#### DIRECTIONS
Your response should contain only the lines running from the top of the data below through the line with "text wērsis теля", both included. Pictures must be omitted.
----- EXTRACTED ENTRIES
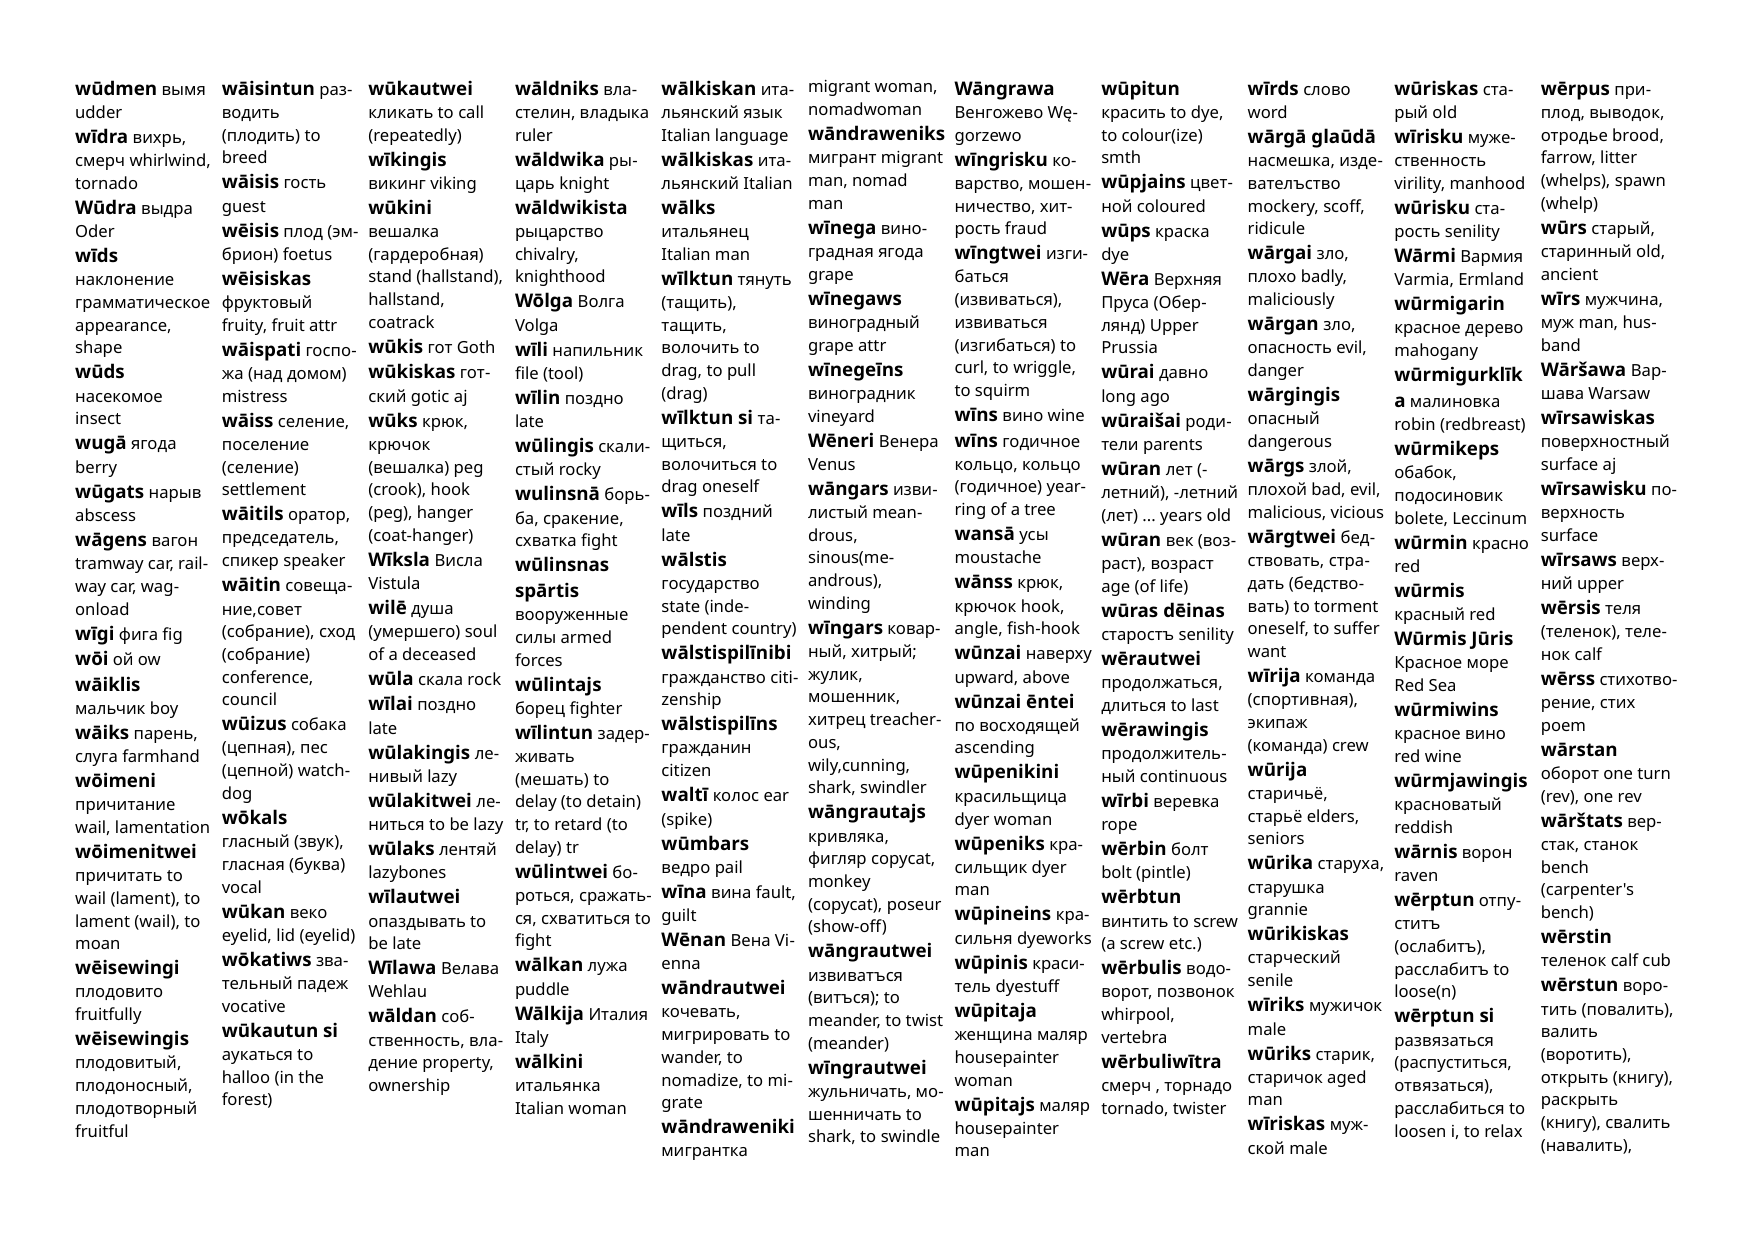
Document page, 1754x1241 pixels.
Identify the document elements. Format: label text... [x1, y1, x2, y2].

text wērbtun винтить to screw (a screw etc.) [1101, 884, 1238, 954]
text wārstan оборот one turn (rev), one rev [1541, 736, 1679, 807]
text wūlakingis ле­нивый lazy [368, 739, 506, 787]
text wārgingis опас­ный dangerous [1247, 381, 1385, 452]
text wīrisku муже­ственность virility, manhood [1394, 123, 1532, 194]
text wīnega вино­градная ягода grape [808, 214, 945, 285]
text wōimenitwei причитать to wail (lament), to lament (wail), to moan [75, 838, 213, 954]
text Wūrmis Jūris Красное море Red Sea [1394, 625, 1532, 696]
text wūpjains цвет­ной coloured [1101, 169, 1238, 217]
text wērsis теля (теленок), теле­нок calf [1541, 594, 1679, 665]
text wālstis государ­ство state (inde­pendent country) [661, 546, 799, 640]
text Wīksla Висла Vistula [368, 546, 506, 594]
text waltī колос ear (spike) [661, 782, 799, 830]
text wūlintajs борец fighter [515, 671, 652, 719]
text wūrmiwins красное вино red wine [1394, 696, 1532, 767]
text wīlintun задер­живать (мешать) to delay (to detain) tr, to retard (to de­lay) tr [515, 719, 652, 858]
text wūkiskas гот­ский gotic aj [368, 359, 506, 407]
text wērss стихотво­рение, стих poem [1541, 665, 1679, 736]
text wūkan веко eye­lid, lid (eyelid) [222, 898, 359, 946]
text Wālkija Италия Italy [515, 1000, 652, 1048]
text wīlautwei опаз­дывать to be late [368, 884, 506, 954]
text wūrai давно long ago [1101, 359, 1238, 407]
text wāisintun раз­водить (плодить) to breed [222, 75, 359, 169]
text wērstin теленок calf cub [1541, 923, 1679, 972]
text wīlin поздно late [515, 384, 652, 432]
text wānss крюк, крючок hook, an­gle, fish-hook [954, 569, 1092, 640]
text wilē душа (умер­шего) soul of a de­ceased [368, 594, 506, 665]
text wūdmen вымя udder [75, 75, 213, 123]
text wūrmikeps оба­бок, подосиновик bolete, Leccinum [1394, 435, 1532, 529]
text wīls поздний late [661, 498, 799, 546]
text wūlaks лентяй lazybones [368, 835, 506, 884]
text wīlktun si та­щиться, волочить­ся to drag oneself [661, 404, 799, 498]
text wugā ягода berry [75, 430, 213, 478]
text wālks итальянец Italian man [661, 194, 799, 265]
text wūps краска dye [1101, 217, 1238, 265]
text wīna вина fault, guilt [661, 878, 799, 926]
text wārštats вер­стак, станок bench (carpenter's bench) [1541, 807, 1679, 923]
text Wāngrawa Вен­гожево Wę­gorzewo [954, 75, 1092, 146]
text wūnzai наверху upward, above [954, 640, 1092, 688]
text wūpinis краси­тель dyestuff [954, 949, 1092, 997]
text Wārmi Вармия Varmia, Ermland [1394, 242, 1532, 291]
text wārgs злой, пло­хой bad, evil, mali­cious, vicious [1247, 452, 1385, 523]
text wūds насекомое insect [75, 359, 213, 430]
text Wāršawa Вар­шава Warsaw [1541, 356, 1679, 404]
text wūlinsnas spārtis вооруженные силы armed forces [515, 552, 652, 671]
text wīns вино wine [954, 401, 1092, 427]
text wērautwei про­должаться, длиться to last [1101, 645, 1238, 716]
text wīrbi веревка rope [1101, 787, 1238, 835]
text wōi ой ow [75, 645, 213, 671]
text wīli напильник file (tool) [515, 336, 652, 384]
text wāiks парень, слуга farmhand [75, 719, 213, 767]
text wāndraweniks мигрант migrant man, nomad man [808, 120, 945, 214]
text wāitin совеща­ние,совет (собра­ние), сход (собра­ние) conference, council [222, 572, 359, 711]
text wērpus при­плод, выводок, отродье brood, farrow, litter (whelps), spawn (whelp) [1541, 75, 1679, 214]
text wārgtwei бед­ствовать, стра­дать (бедство­вать) to torment oneself, to suffer want [1247, 523, 1385, 662]
text wūras dēinas старостъ senility [1101, 597, 1238, 645]
text wūpitaja женщи­на маляр house­painter woman [954, 997, 1092, 1091]
text wōkals гласный (звук), гласная (буква) vocal [222, 804, 359, 898]
text Wōlga Волга Volga [515, 288, 652, 336]
text wīkingis викинг viking [368, 146, 506, 194]
text wāngrautajs кривляка, фигляр copycat, monkey (copycat), poseur (show-off) [808, 799, 945, 938]
text wīrsaws верх­ний upper [1541, 546, 1679, 594]
text wūks крюк, крю­чок (вешалка) peg (crook), hook (peg), hanger (coat-hanger) [368, 407, 506, 546]
text wīlai поздно late [368, 691, 506, 739]
text wērbin болт bolt (pintle) [1101, 835, 1238, 884]
text Wīlawa Велава Wehlau [368, 954, 506, 1003]
text wāndraweniki мигрантка [661, 1113, 799, 1162]
text wūrmin красно red [1394, 529, 1532, 577]
text wūrmigurklīka малиновка robin (redbreast) [1394, 362, 1532, 435]
text wūkautwei кли­кать to call (re­peatedly) [368, 75, 506, 146]
text wīngrisku ко­варство, мошен­ничество, хит-рость fraud [954, 146, 1092, 239]
text wūrikiskas старческий senile [1247, 921, 1385, 992]
text wāisis гость guest [222, 169, 359, 217]
text wāgens вагон tramway car, rail­way car, wag­onload [75, 526, 213, 620]
text wīrsawiskas поверхностный surface aj [1541, 404, 1679, 475]
text wūkini вешалка (гардеробная) stand (hallstand), hallstand, coatrack [368, 194, 506, 333]
text wūlingis скали­стый rocky [515, 432, 652, 481]
text wīdra вихрь, смерч whirlwind, tornado [75, 123, 213, 194]
text wālkan лужа puddle [515, 952, 652, 1000]
text wīngars ковар­ный, хитрый; жу­лик, мошенник, хитрец treacher­ous, wily,cunning, shark, swindler [808, 614, 945, 799]
text wālstispilīns гражданин citizen [661, 711, 799, 782]
text wūrisku ста­рость senility [1394, 194, 1532, 242]
text wūran век (воз­раст), возраст age (of life) [1101, 526, 1238, 597]
text wūrs старый, старинный old, ancient [1541, 214, 1679, 285]
text wūkautun si аукаться to halloo (in the forest) [222, 1017, 359, 1111]
text wālkini итальян­ка Italian woman [515, 1048, 652, 1119]
text wāitils оратор, председатель, спикер speaker [222, 501, 359, 572]
text wālstispilīnibi гражданство citi­zenship [661, 640, 799, 711]
text wāldwikista ры­царство chivalry, knighthood [515, 194, 652, 288]
text wūlintwei бо­роться, сражать­ся, схватиться to fight [515, 858, 652, 952]
text wīnegaws вино­градный grape attr [808, 285, 945, 356]
text wālkiskas ита­льянский Italian [661, 146, 799, 194]
text wērbulis водо­ворот, позвонок whirpool, vertebra [1101, 954, 1238, 1048]
text wūrija старичьё, старьё elders, se­niors [1247, 756, 1385, 850]
text Wēra Верхняя Пруса (Обер­лянд) Upper Prus­sia [1101, 265, 1238, 359]
text wūpineins кра­сильня dyeworks [954, 901, 1092, 949]
text wīds наклонение грамматическое appearance, shape [75, 242, 213, 359]
text wārgā glaūdā насмешка, изде­вателъство mock­ery, scoff, ridicule [1247, 123, 1385, 239]
text wīrija команда (спортивная), экипаж (команда) crew [1247, 662, 1385, 756]
text wīrds слово word [1247, 75, 1385, 123]
text wēisewingis плодовитый, пло­доносный, плодо­творный fruitful [75, 1026, 213, 1142]
text wāldwika ры­царь knight [515, 146, 652, 194]
text wūlakitwei ле­ниться to be lazy [368, 787, 506, 835]
text wārnis ворон raven [1394, 838, 1532, 886]
text wūpeniks кра­сильщик dyer man [954, 830, 1092, 901]
text wōkatiws зва­тельный падеж vocative [222, 946, 359, 1017]
text wēisewingi пло­довито fruitfully [75, 954, 213, 1026]
text wūrika старуха, старушка grannie [1247, 850, 1385, 921]
text wīrsawisku по­верхность surface [1541, 475, 1679, 546]
text wūgats нарыв abscess [75, 478, 213, 526]
text wērbuliwītra смерч , торнадо tornado, twister [1101, 1048, 1238, 1119]
text wūkis гот Goth [368, 333, 506, 359]
text wūrmjawingis красноватый red­dish [1394, 767, 1532, 838]
text migrant woman, nomad­woman [808, 75, 945, 120]
text wūrmigarin красное дерево mahogany [1394, 291, 1532, 362]
text wāispati госпо­жа (над домом) mistress [222, 336, 359, 407]
text wārgai зло, пло­хо badly, mali­ciously [1247, 239, 1385, 311]
text wūran лет (-лет­ний), -летний (лет) ... years old [1101, 455, 1238, 526]
text wūpitun красить to dye, to colour(ize) smth [1101, 75, 1238, 169]
text wīlktun тянуть (тащить), тащить, волочить to drag, to pull (drag) [661, 265, 799, 404]
text wērstun воро­тить (повалить), валить (воротить), открыть (книгу), раскрыть (книгу), свалить (нава­лить), [1541, 972, 1679, 1156]
text wīriks мужичок male [1247, 992, 1385, 1040]
text wōimeni причи­тание wail, lamen­tation [75, 767, 213, 838]
text wūriks старик, старичок aged man [1247, 1040, 1385, 1111]
text wāiklis мальчик boy [75, 671, 213, 719]
text wansā усы moustache [954, 521, 1092, 569]
text wārgan зло, опасность evil, danger [1247, 311, 1385, 381]
text wāngars изви­листый mean­drous, sinous(me­androus), winding [808, 475, 945, 614]
text wāiss селение, поселение (селе­ние) settlement [222, 407, 359, 501]
text wulinsnā борь­ба, сракение, схватка fight [515, 481, 652, 552]
text Wēneri Венера Venus [808, 427, 945, 475]
text wūpitajs маляр housepainter man [954, 1091, 1092, 1162]
text wūnzai ēntei по восходящей as­cending [954, 688, 1092, 759]
text Wūdra выдра Oder [75, 194, 213, 242]
text wūmbars ведро pail [661, 830, 799, 878]
text wēisiskas фруктовый fruity, fruit attr [222, 265, 359, 336]
text wūriskas ста­рый old [1394, 75, 1532, 123]
text wūrmis красный red [1394, 577, 1532, 625]
text wīgi фига fig [75, 620, 213, 645]
text Wēnan Вена Vi­enna [661, 926, 799, 974]
text wērawingis продолжитель­ный continuous [1101, 716, 1238, 787]
text wūraišai роди­тели parents [1101, 407, 1238, 455]
text wīngrautwei жульничать, мо­шенничать to shark, to swindle [808, 1054, 945, 1148]
text wīriskas муж­ской male [1247, 1111, 1385, 1159]
text wūla скала rock [368, 665, 506, 691]
text wāngrautwei извиватъся (витъ­ся); to meander, to twist (meander) [808, 938, 945, 1054]
text wīnegeīns вино­градник vineyard [808, 356, 945, 427]
text wūizus собака (цепная), пес (цепной) watch­dog [222, 711, 359, 804]
text wēisis плод (эм­брион) foetus [222, 217, 359, 265]
text wīns годичное кольцо, кольцо (годичное) year-ring of a tree [954, 427, 1092, 521]
text wūpenikini кра­сильщица dyer woman [954, 759, 1092, 830]
text wīngtwei изги­баться (извивать­ся), извиваться (изгибаться) to curl, to wriggle, to squirm [954, 239, 1092, 401]
text wērptun si раз­вязаться (распу­ститься, отвязать­ся), расслабиться to loosen i, to relax [1394, 1003, 1532, 1142]
text wāldan соб­ственность, вла­дение property, ownership [368, 1003, 506, 1096]
text wīrs мужчина, муж man, hus­band [1541, 285, 1679, 356]
text wāldniks вла­стелин, владыка ruler [515, 75, 652, 146]
text wāndrautwei кочевать, мигри­ровать to wander, to nomadize, to mi­grate [661, 974, 799, 1113]
text wērptun отпу­ститъ (ослабитъ), расслабитъ to loose(n) [1394, 886, 1532, 1003]
text wālkiskan ита­льянский язык Italian language [661, 75, 799, 146]
----------
#### SOLUTION FOR THIS PROBLEM
Document page, 1754x1241 pixels.
Identify the document elements. Format: label text... [x1, y1, x2, y2].

text wērbtun винтить to screw (a screw etc.) [1101, 884, 1238, 954]
text wārstan оборот one turn (rev), one rev [1541, 736, 1679, 807]
text wūlakingis ле­нивый lazy [368, 739, 506, 787]
text wārgingis опас­ный dangerous [1247, 381, 1385, 452]
text wīrisku муже­ственность virility, manhood [1394, 123, 1532, 194]
text wīnega вино­градная ягода grape [808, 214, 945, 285]
text wōimenitwei причитать to wail (lament), to lament (wail), to moan [75, 838, 213, 954]
text Wūrmis Jūris Красное море Red Sea [1394, 625, 1532, 696]
text wūpjains цвет­ной coloured [1101, 169, 1238, 217]
text wērsis теля (теленок), теле­нок calf [1541, 594, 1679, 665]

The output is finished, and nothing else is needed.